An expansive mansion on the Upper East Side was a hotbed of social cross-pollination and uncanny pairings Thursday night. Inside glossy wood-paneled rooms with ornately carved ceilings, young models fraternized with titled Europeans and Hollywood actors. It was the kind of scene where, upon sidling up to the bar during cocktails, one might overhear Peter Brant II proclaiming to the model Hanne Gaby Odiele, “I just can’t trust Australians anymore!” Or one might watch Michael Avedon, grandson of Richard, introduce himself to the identical twin creative hyphenates Cipriana and TK Quann before enquiring, “How did you two meet?”
“In the womb,” replied Cipriana with the most generous of smiles.
Witty banter aside, the occasion marked the debut of Sara Battaglia's capsule handbag collection for Salvatore Ferragamo, and W, where her sister Giovanna is a contributing editor, and James Ferragamo were throwing her a party inspired by the "Haute Bohemians" portfolio in the May issue.
“On the weekend, I’m always bohemian. It’s how I work, music, barefoot sometimes…”
“I can be bohemian upon request,” offered Ferragamo, nodding to his leather bomber jacket and white button-down shirt as evidence. “How did I do?”
A few of the subjects from the portfolio and accompanying video shot by Emma Summerton were in attendance, among them the countess Debonnaire von Bismarck, model Emile di Robilant, artist Hope Atherton and Uberta Zambeletti, a designer and owner of the eccentric Wait and See boutique in Milan.

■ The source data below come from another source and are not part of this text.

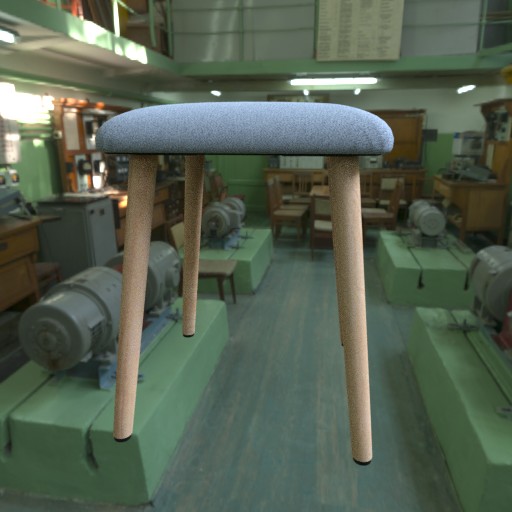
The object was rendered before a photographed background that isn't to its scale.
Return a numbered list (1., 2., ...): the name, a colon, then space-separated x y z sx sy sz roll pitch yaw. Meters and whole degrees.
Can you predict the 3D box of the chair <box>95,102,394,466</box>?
1. chair: 0.000 0.000 0.679 0.350 0.440 0.350 2 16 8
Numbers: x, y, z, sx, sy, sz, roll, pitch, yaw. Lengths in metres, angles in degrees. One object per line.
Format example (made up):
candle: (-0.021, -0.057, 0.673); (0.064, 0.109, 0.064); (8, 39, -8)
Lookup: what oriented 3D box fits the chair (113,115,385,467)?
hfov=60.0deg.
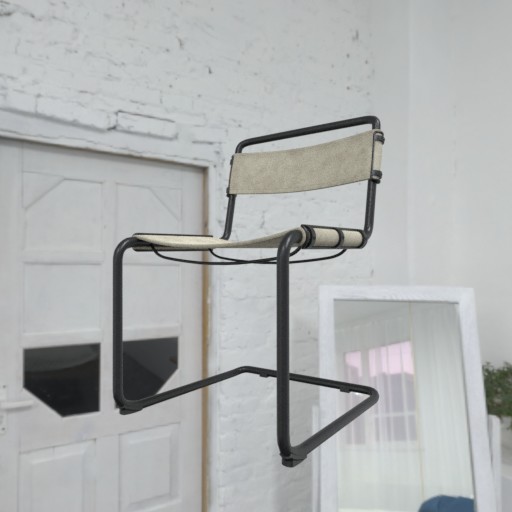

“Il ragazzo con i capelli biondi,” she nudged a friend glancing towards the musician and Hollywood progeny Gabriel-Kane Day-Lewis (for non-Italian speakers, that would be “the boy with the blond hair”). “He was so smart and fun.” Star Trek star Zachary Quinto was not in the portfolio but at least he had a good story from a recent trip to London.
“I cut my hand. I was defending an elderly woman who was being mugged on the street,” said the actor, waiting a beat. “I wish I was. I was opening a bottle of f--king water.”
As guests made their way across a gravelly courtyard to long, candlelit tables for dinner, musician Sophie Auster observed, “I don’t know if anyone who is bohemian can really categorize themselves as bohemian. It’s maybe an outside perspective of what people think you are. When you’re so within the thing that you’re living, you’re not really thinking about how it’s perceived from the outside world.”
Being a bohemian, it seems, is in the eyes of the beholder.